Отцы опасаются, как бы сыновняя любовь не изгладилась.

Паскаль, «Мысли», 93

Включил радио, к черту тишину. Новости. Техасский юрист обнаружил ватиканский документ. На латыни; он назвал его планом обмана и укрывательства. Шестьдесят девять страниц, с печатью Папы Иоанна XXII, в 1962-м его разослали всем епископам в мире.

Это ж сколько за марки отвалили.

В документе содержались указания, как негласно обращаться с жертвами домогательств. Ирландским епископам велели сохранять наивысшую секретность. За нарушение молчания грозило отлучение. Жертв, когда он пожалуются, надо было принудить к обету молчания.

Я оделся, вышел.

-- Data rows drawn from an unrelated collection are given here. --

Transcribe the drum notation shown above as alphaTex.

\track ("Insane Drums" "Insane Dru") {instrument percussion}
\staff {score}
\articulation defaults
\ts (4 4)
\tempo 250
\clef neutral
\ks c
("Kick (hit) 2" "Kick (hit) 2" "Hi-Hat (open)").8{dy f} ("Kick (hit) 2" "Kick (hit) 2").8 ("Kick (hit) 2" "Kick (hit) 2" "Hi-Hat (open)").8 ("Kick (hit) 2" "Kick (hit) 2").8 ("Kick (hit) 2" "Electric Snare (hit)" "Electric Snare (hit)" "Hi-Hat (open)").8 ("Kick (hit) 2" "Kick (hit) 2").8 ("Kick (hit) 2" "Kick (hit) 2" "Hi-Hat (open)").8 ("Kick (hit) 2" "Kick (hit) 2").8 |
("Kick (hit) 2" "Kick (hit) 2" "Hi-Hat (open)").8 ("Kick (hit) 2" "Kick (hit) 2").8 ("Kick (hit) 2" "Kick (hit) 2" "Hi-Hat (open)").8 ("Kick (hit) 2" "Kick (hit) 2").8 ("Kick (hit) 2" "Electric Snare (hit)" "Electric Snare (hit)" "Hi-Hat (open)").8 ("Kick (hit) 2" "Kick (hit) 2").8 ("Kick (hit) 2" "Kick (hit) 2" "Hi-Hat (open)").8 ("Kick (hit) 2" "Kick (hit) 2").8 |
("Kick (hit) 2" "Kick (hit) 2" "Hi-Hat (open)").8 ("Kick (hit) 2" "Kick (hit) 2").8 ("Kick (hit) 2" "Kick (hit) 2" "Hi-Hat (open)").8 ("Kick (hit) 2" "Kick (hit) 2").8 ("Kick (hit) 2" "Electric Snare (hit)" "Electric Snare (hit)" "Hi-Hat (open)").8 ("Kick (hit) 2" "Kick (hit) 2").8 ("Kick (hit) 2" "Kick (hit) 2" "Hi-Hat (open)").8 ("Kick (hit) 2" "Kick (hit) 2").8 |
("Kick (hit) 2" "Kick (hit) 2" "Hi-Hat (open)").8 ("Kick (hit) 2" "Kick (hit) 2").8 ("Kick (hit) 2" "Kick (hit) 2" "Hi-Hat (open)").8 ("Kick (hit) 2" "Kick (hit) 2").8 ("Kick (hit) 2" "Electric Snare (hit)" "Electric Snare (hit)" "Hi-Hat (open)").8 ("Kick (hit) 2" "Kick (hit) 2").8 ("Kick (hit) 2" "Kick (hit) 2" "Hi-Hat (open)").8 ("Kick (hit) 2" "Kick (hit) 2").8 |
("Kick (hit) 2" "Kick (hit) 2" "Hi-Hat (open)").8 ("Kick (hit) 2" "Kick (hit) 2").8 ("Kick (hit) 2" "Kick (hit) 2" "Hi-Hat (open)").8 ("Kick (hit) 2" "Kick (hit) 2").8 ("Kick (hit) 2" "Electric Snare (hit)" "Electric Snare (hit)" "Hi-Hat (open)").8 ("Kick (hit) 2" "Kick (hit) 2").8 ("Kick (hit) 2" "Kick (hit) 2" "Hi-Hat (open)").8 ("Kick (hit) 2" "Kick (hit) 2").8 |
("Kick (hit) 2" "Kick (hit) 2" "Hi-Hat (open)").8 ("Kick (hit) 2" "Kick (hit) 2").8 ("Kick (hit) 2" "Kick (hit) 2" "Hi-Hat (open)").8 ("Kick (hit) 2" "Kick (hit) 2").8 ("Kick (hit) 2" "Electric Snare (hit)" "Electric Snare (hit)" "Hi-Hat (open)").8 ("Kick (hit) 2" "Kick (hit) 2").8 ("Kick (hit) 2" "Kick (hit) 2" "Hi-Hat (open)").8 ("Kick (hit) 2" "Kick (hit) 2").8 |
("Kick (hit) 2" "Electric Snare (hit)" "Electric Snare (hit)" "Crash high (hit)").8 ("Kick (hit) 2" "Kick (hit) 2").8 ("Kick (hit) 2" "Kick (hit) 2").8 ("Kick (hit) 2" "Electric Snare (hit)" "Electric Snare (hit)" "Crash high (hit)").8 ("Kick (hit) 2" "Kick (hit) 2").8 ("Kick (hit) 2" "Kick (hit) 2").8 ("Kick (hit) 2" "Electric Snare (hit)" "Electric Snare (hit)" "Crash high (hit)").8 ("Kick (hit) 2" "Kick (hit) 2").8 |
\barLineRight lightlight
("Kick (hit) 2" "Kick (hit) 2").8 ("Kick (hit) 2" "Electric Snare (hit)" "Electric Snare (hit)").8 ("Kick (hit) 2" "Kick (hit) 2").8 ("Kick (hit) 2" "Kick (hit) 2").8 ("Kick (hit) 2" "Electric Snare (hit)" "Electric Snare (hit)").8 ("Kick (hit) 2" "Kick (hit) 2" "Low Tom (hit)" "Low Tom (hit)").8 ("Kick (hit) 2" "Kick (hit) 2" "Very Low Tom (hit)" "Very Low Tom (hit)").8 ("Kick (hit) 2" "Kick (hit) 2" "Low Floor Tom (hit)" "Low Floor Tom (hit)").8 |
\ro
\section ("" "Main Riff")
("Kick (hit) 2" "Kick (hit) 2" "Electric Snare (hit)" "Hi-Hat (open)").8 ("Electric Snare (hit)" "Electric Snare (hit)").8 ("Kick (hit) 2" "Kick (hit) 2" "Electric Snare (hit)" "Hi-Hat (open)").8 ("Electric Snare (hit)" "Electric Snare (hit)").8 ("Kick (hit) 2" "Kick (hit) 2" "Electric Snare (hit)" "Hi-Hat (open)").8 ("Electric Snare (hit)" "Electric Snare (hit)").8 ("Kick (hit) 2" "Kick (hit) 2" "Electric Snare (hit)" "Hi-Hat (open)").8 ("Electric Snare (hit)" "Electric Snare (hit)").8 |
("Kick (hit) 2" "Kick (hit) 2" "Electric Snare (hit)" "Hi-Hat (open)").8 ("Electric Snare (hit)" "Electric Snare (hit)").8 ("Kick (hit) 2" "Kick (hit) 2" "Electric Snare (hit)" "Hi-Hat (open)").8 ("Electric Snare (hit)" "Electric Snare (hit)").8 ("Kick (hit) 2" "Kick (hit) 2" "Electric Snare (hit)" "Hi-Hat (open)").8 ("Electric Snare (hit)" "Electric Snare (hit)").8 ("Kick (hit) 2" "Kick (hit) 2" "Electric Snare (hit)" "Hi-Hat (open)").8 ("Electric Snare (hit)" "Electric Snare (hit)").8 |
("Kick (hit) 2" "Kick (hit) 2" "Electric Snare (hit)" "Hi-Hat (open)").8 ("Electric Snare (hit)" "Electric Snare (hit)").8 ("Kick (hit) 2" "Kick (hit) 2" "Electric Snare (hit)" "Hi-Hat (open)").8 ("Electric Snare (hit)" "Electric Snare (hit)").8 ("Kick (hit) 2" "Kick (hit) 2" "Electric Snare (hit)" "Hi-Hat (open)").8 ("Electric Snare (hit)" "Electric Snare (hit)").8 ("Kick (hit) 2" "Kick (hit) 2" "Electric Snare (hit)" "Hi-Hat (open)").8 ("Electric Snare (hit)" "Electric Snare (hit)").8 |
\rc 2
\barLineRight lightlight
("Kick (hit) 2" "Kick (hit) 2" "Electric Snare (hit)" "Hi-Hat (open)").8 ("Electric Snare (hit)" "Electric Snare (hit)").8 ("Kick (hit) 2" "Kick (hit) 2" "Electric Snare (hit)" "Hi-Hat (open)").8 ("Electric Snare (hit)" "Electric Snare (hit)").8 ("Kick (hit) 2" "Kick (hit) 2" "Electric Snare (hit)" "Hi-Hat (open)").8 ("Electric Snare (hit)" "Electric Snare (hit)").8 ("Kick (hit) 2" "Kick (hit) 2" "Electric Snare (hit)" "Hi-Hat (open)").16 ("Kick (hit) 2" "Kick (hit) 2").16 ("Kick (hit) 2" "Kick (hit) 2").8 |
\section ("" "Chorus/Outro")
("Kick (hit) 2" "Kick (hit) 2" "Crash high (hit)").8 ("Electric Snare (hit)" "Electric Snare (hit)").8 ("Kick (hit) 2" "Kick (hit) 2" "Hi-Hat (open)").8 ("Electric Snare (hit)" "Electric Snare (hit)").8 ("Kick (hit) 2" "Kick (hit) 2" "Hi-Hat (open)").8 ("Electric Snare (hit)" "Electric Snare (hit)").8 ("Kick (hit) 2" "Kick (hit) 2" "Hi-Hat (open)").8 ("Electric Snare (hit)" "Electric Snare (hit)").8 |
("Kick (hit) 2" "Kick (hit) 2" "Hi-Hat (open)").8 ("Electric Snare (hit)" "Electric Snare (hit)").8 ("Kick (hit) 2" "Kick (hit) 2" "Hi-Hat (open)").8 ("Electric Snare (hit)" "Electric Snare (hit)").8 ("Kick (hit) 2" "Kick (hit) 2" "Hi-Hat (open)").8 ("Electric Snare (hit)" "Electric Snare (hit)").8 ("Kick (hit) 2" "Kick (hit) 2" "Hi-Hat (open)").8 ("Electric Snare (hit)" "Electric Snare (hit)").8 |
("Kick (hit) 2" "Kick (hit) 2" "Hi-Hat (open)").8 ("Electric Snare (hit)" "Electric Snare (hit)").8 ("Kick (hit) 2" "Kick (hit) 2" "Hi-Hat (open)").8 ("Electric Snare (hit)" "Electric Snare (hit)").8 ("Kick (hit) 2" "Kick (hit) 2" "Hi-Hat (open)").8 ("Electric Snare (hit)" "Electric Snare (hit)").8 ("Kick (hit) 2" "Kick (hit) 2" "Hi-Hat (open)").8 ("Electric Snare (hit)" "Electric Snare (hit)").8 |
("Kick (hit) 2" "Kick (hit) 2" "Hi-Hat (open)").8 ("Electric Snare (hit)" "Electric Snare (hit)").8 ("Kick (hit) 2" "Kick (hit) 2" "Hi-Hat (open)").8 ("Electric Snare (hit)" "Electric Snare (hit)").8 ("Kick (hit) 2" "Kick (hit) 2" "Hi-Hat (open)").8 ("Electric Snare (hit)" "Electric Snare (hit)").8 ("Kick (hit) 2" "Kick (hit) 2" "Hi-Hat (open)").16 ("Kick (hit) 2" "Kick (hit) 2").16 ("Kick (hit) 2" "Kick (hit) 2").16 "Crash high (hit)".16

Проявилась хромота: все-таки три лестничных пролета — это не шутки. Купил газету в магазине через улицу, женщина сказала:

— Хорошее утро.

Я не стал спрашивать, для чего хорошее, а то вдруг еще ответит. Поднялся обратно, сел у кона и начал читать. Ватиканские откровения попали на передовицу. Документ под названием Crimen sollicitationis[23] — инструкция на случай домогательств — касался развратных действий священника с членом его паствы в исповедальне.

Бросил читать, заварил кофе, вспоминая, что отца Джойса обезглавили как раз в исповедальне. Чтобы отрубить голову, нужна всепоглощающая ярость. Меня пробила дрожь.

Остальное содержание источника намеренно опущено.